Celebrating Black History Month: Julius Kaggwa

Today we honor celebrated Ugandan activist Julius Kaggwa, executive director of the intersex support organization Support Initiative for People with Atypical Sex Development (SIPD), whose pioneering human rights work began in the late 1990’s. We commend him for his inspirational impact, courage, and dedication as a first wave intersex activist in Africa whose work continues as strongly as ever today!

In 2010, Kaggwa was honored as a joint winner of the Human Rights First–an independent American advocacy and action organization–Human Rights Award. As Human Rights First recognized, “Kaggwa has led the fight against a draconian anti-homosexuality bill in Uganda that aims to make engaging in any homosexual act a crime—in some cases punishable by death. Kaggwa also works to create a more tolerant environment for sexual minorities and their supporters in Uganda. Kaggwa has been harassed and threatened because of his work, but he continues to fight for human rights, playing an increasingly public role despite the danger he faces daily.”

As Kaggwa, who is widely published, shared in The Guardian in 2016: “I became an activist after helping a young intersex boy, who was due to appear on the radio to try to raise money to have his breasts surgically removed. He was the first person ever to look at me with eyes that said ‘you can help me.’ I was concerned for him because people have so many questions. …You’re taught growing up as an intersex person in Uganda that your body is no longer your property.

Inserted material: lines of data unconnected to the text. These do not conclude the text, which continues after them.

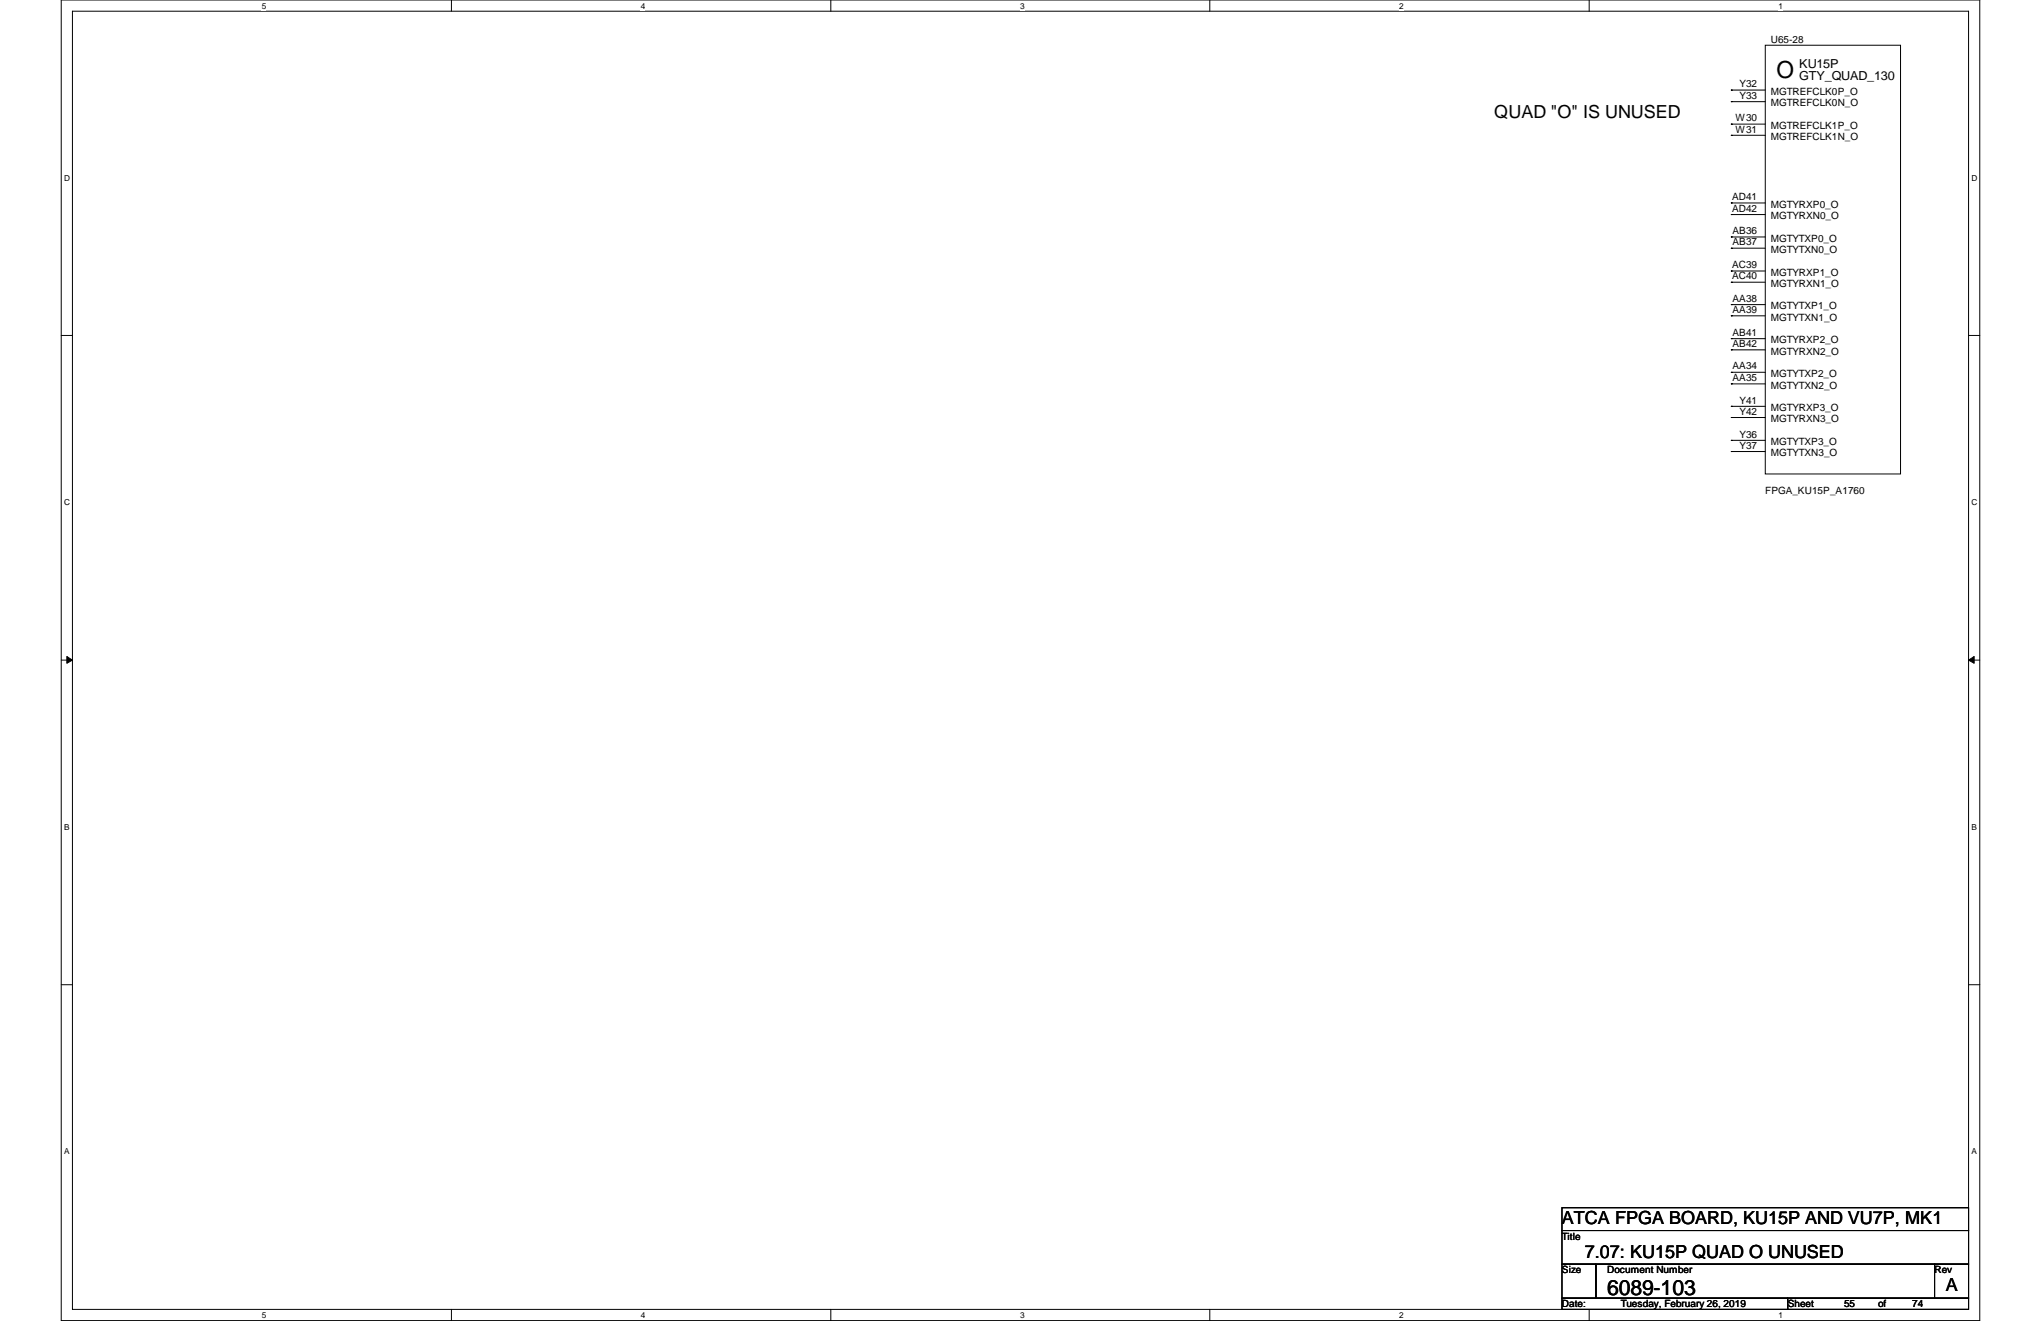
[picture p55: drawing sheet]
<svg xmlns="http://www.w3.org/2000/svg" width="432mm" height="279mm" viewBox="0 0 432 279" stroke-linecap="round" stroke-linejoin="round" font-family="sans-serif">
<defs><g id="words">
<text font-size="5" x="375.8" y="16.4">O</text>
<text font-size="4.5" x="340" y="273.8">6089-103</text>
<g font-size="3.8">
<text x="316.1" y="24.9">QUAD &quot;O&quot; IS UNUSED</text>
<text x="330.5" y="258.8">ATCA FPGA BOARD, KU15P AND VU7P, MK1</text>
<text x="335.3" y="266">7.07: KU15P QUAD O UNUSED</text>
<text x="411.6" y="273.1">A</text>
</g>
<g font-size="2.6">
<text x="380.7" y="14.3">KU15P</text>
<text x="380.7" y="17">GTY_QUAD_130</text>
</g>
<g font-size="2.1">
<text x="374.6" y="9.1">U65-28</text>
<text x="368" y="20.9">Y33</text>
<text x="368" y="18.5">Y32</text>
<text x="374.6" y="22.5">MGTREFCLK0N_O</text>
<text x="374.6" y="20.1">MGTREFCLK0P_O</text>
<text x="367.2" y="28">W31</text>
<text x="367.2" y="25.7">W30</text>
<text x="374.6" y="29.6">MGTREFCLK1N_O</text>
<text x="374.6" y="27.3">MGTREFCLK1P_O</text>
<text x="366.4" y="44.8">AD42</text>
<text x="366.4" y="42.3">AD41</text>
<text x="374.6" y="46.4">MGTYRXN0_O</text>
<text x="374.6" y="43.9">MGTYRXP0_O</text>
<text x="366.5" y="51.9">AB37</text>
<text x="366.5" y="49.5">AB36</text>
<text x="374.6" y="53.5">MGTYTXN0_O</text>
<text x="374.6" y="51.1">MGTYTXP0_O</text>
<text x="366.4" y="59.1">AC40</text>
<text x="366.4" y="56.7">AC39</text>
<text x="374.6" y="58.3">MGTYRXP1_O</text>
<text x="366.5" y="63.8">AA38</text>
<text x="374.6" y="60.7">MGTYRXN1_O</text>
<text x="374.6" y="65.4">MGTYTXP1_O</text>
<text x="366.5" y="71">AB41</text>
<text x="366.5" y="66.2">AA39</text>
<text x="374.6" y="67.8">MGTYTXN1_O</text>
<text x="366.5" y="73.4">AB42</text>
<text x="374.6" y="75">MGTYRXN2_O</text>
<text x="374.6" y="72.6">MGTYRXP2_O</text>
<text x="366.5" y="80.6">AA35</text>
<text x="366.5" y="78.1">AA34</text>
<text x="374.6" y="82.2">MGTYTXN2_O</text>
<text x="374.6" y="79.8">MGTYTXP2_O</text>
<text x="368" y="87.7">Y42</text>
<text x="368" y="85.3">Y41</text>
<text x="374.6" y="89.3">MGTYRXN3_O</text>
<text x="374.6" y="87">MGTYRXP3_O</text>
<text x="368" y="94.9">Y37</text>
<text x="368" y="92.5">Y36</text>
<text x="374.6" y="94.1">MGTYTXP3_O</text>
<text x="374.6" y="96.5">MGTYTXN3_O</text>
<text x="373.5" y="104.6">FPGA_KU15P_A1760</text>
<text x="330.5" y="262.2">Title</text>
<text x="330.5" y="269.3">Size</text>
<text x="340" y="269.3">Document Number</text>
<text x="409.3" y="269.3">Rev</text>
<text x="330.5" y="276.5">Date:</text>
<text x="342.9" y="276.5">Tuesday, February 26, 2019</text>
<text x="378.2" y="276.5">Sheet</text>
<text x="390.1" y="276.5">55</text>
<text x="397.3" y="276.5">of</text>
<text x="404.5" y="276.5">74</text>
</g>
<g font-size="1.7">
<text x="55.4" y="1.9">5</text>
<text x="135.6" y="1.9">4</text>
<text x="215.8" y="1.9">3</text>
<text x="296" y="1.9">2</text>
<text x="376.3" y="1.9">1</text>
<text x="13.5" y="38.3">D</text>
<text x="417.1" y="38.3">D</text>
<text x="13.5" y="106.8">C</text>
<text x="417.1" y="106.8">C</text>
<text x="13.5" y="175.5">B</text>
<text x="417.1" y="175.5">B</text>
<text x="13.5" y="244.2">A</text>
<text x="417.1" y="244.2">A</text>
<text x="55.4" y="278.8">5</text>
<text x="135.6" y="278.8">4</text>
<text x="215.8" y="278.8">3</text>
<text x="296" y="278.8">2</text>
<text x="376.3" y="278.8">1</text>
</g>
</g></defs>
<path d="M13 0h405.8v279.3h-405.8zM15.3 2.4h401.2v274.5h-401.2z" fill="none" stroke="#000" stroke-width=".21"/>
<g fill="#fff">
<path d="M55.4 .3h.9v1.9h-.9z"/>
<path d="M55.4 277.2h.9v1.9h-.9z"/>
</g>
<path d="M95.5 0v2.4M95.5 276.9v2.4" fill="none" stroke="#000" stroke-width=".21"/>
<g fill="#fff">
<path d="M135.6 .3h.9v1.9h-.9z"/>
<path d="M135.6 277.2h.9v1.9h-.9z"/>
</g>
<path d="M175.8 0v2.4M175.8 276.9v2.4" fill="none" stroke="#000" stroke-width=".21"/>
<g fill="#fff">
<path d="M215.8 .3h.9v1.9h-.9z"/>
<path d="M215.8 277.2h.9v1.9h-.9z"/>
</g>
<path d="M255.9 0v2.4M255.9 276.9v2.4" fill="none" stroke="#000" stroke-width=".21"/>
<g fill="#fff">
<path d="M296 .3h.9v1.9h-.9z"/>
<path d="M296 277.2h.9v1.9h-.9z"/>
</g>
<path d="M336.2 0v2.4M336.2 276.9v2.4" fill="none" stroke="#000" stroke-width=".21"/>
<g fill="#fff">
<path d="M376.3 .3h.9v1.9h-.9z"/>
<path d="M376.3 277.2h.9v1.9h-.9z"/>
<path d="M13.5 36.7h1.2v1.9h-1.2z"/>
<path d="M417.1 36.7h1.2v1.9h-1.2z"/>
<path d="M13.5 105.2h1.2v2h-1.2z"/>
<path d="M417.1 105.2h1.2v2h-1.2z"/>
</g>
<path d="M13 71h2.3M416.5 71h2.3" fill="none" stroke="#000" stroke-width=".21"/>
<g fill="#fff">
<path d="M13.5 173.9h1.1v2h-1.1z"/>
<path d="M417.1 173.9h1.1v2h-1.1z"/>
</g>
<path d="M13 139.6h2.3M416.5 139.6h2.3" fill="none" stroke="#000" stroke-width=".21"/>
<path d="M14.1 138.9v1.4l1.2-.7zM416.5 139.6l1.2 .7v-1.4z" fill="#000" stroke="#000" stroke-width=".21"/>
<g fill="#fff">
<path d="M13.5 242.6h1.1v1.9h-1.1z"/>
<path d="M417.1 242.6h1.1v1.9h-1.1z"/>
</g>
<g fill="none" stroke="#000" stroke-width=".21">
<path d="M366.3 19.1h.1M366.3 19.1h7.2M373.5 9.6h28.6v90.6h-28.6zM366.3 21.5h.1M366.3 28.6h.1M366.3 26.2h.1M366.3 21.5h7.2M366.3 28.6h7.2M366.3 26.2h7.2M366.3 45.4h.1M366.3 59.7h.1M366.3 42.9h.1"/>
<path d="M366.3 57.3h.1M366.3 52.5h.1M366.3 50.1h.1M366.3 45.4h7.2M366.3 59.7h7.2M366.3 42.9h7.2M366.3 57.3h7.2M366.3 52.5h7.2M366.3 50.1h7.2M366.3 74h.1M366.3 71.6h.1M366.3 66.8h.1"/>
<path d="M366.3 64.4h.1M366.3 78.7h.1M366.3 74h7.2M366.3 71.6h7.2M366.3 66.8h7.2M366.3 64.4h7.2M366.3 78.7h7.2M366.3 88.3h.1M366.3 85.9h.1M366.3 81.2h.1M366.3 95.5h.1M366.3 93.1h.1"/>
<path d="M366.3 88.3h7.2M366.3 85.9h7.2M366.3 81.2h7.2M366.3 95.5h7.2M366.3 93.1h7.2M13 208.3h2.3M416.5 208.3h2.3M330.5 255.4h86v4.9h-86zM330.5 260.3h86v7.1h-86zM330.5 267.4h7.2v7.2h-7.2zM330.5 274.6h47.7v2.3h-47.7zM337.7 267.4h71.6v7.2h-71.6z"/>
<path d="M378.2 274.6h38.3v2.3h-38.3zM409.3 267.4h7.2v7.2h-7.2z"/>
</g>
<use href="#words"/>
</svg>

It is to be abused, examined and tested against your will.”

As shared in numerous interviews over the years, Kaggwa was assigned female at birth and raised as a girl but knew from an early age that he is a man. “It was very difficult and on several occasions I actually felt suicidal because I didn’t think what I see now was possible… But sharing my story and my experiences with my own friends helped and then I started to get support from my own family and I think that was the major positive for me. My family was very supportive right from my childhood when they were hiding me and trying to figure out how to handle this intersex issue. I’ve always been very supported.”

In 1996, Julius’s journey to self-determination made the news when he married a woman and the headline of Uganda’s The New Vision read, “Old Gayaza girl weds fellow woman.” In 1997, he published the story of his gender identity experience as an intersex person in his groundbreaking book, From Juliet to Julius: In Search of My True Gender Identity (Fountain Publishers). His story was also explored in the short video, She Is My Son, below.

We recognize that life as an openly intersex person in Africa has been and continues to be increasingly difficult. His recounting of the experience brings to light the ways in which discrimination against intersex people often overlaps with that of LGBTQ people. “I have suffered harassment throughout my life, including from my in-laws from my first marriage. They became very abusive, both verbally and physically. At one point my sister’s husband tried to rape me – it’s curious type of “cure” also inflicted on lesbians to “correct them”.

Kaggwa was among the very first to call attention to the infanticide of intersex babies by midwives and other birth care attendants in Africa, and in 2011, his work for LGBTI Ugandans was recognized as a joint winner of the U.S. State Department’s Human Rights Defenders Award. According to Kaggwa, Uganda’s “Kill the Gays” bill (as LGBTQ activists called it), introduced in October 2009, made all sexual minorities more vulnerable to violence and discrimination. He can be seen speaking about the role American religious groups played in promoting the bill, and his work fighting it, in the excellent short video below.

Kaggwa has also been a member of the international intersex movement since its inception as a former board member of the first international intersex advocacy organization, the Organisation Intersex International (OII, founded in 2004), and more recently as a frequent participant of the International Intersex Forums, which began in 2011.

By bravely sharing his story at a time when it was very uncommon and dangerous to do so, and advocating for recognition and equality for intersex and gender variant people, Kaggwa has helped countless generations of LGBTQI Africans–and he continues to despite increasing difficulty. As he explained in The Guardian in 2016 in the piece, “I’m an intersex Ugandan – life has never felt more dangerous,” due to their repressive government, “Times have never been harder for LGBTI activists in Uganda. …people from our community around the country have been telling us it’s increasingly hard to find a safe space to seek medical or psychological support.”

Today, as he has for decades, Kaggwa continues educating the public at large while also working to support intersex people and their families on the ground, in Uganda, with SIPD. Last year, the Open Society Foundation even made this amazing animated video, narrated by Kaggwa himself, about his amazing journey as a person and activist.

We commend Kaggwa for his immense courage in paving the way for visibility and equality for intersex–and indeed all LGBTQI people–in Africa, and for his amazing perseverance in the fight for equality!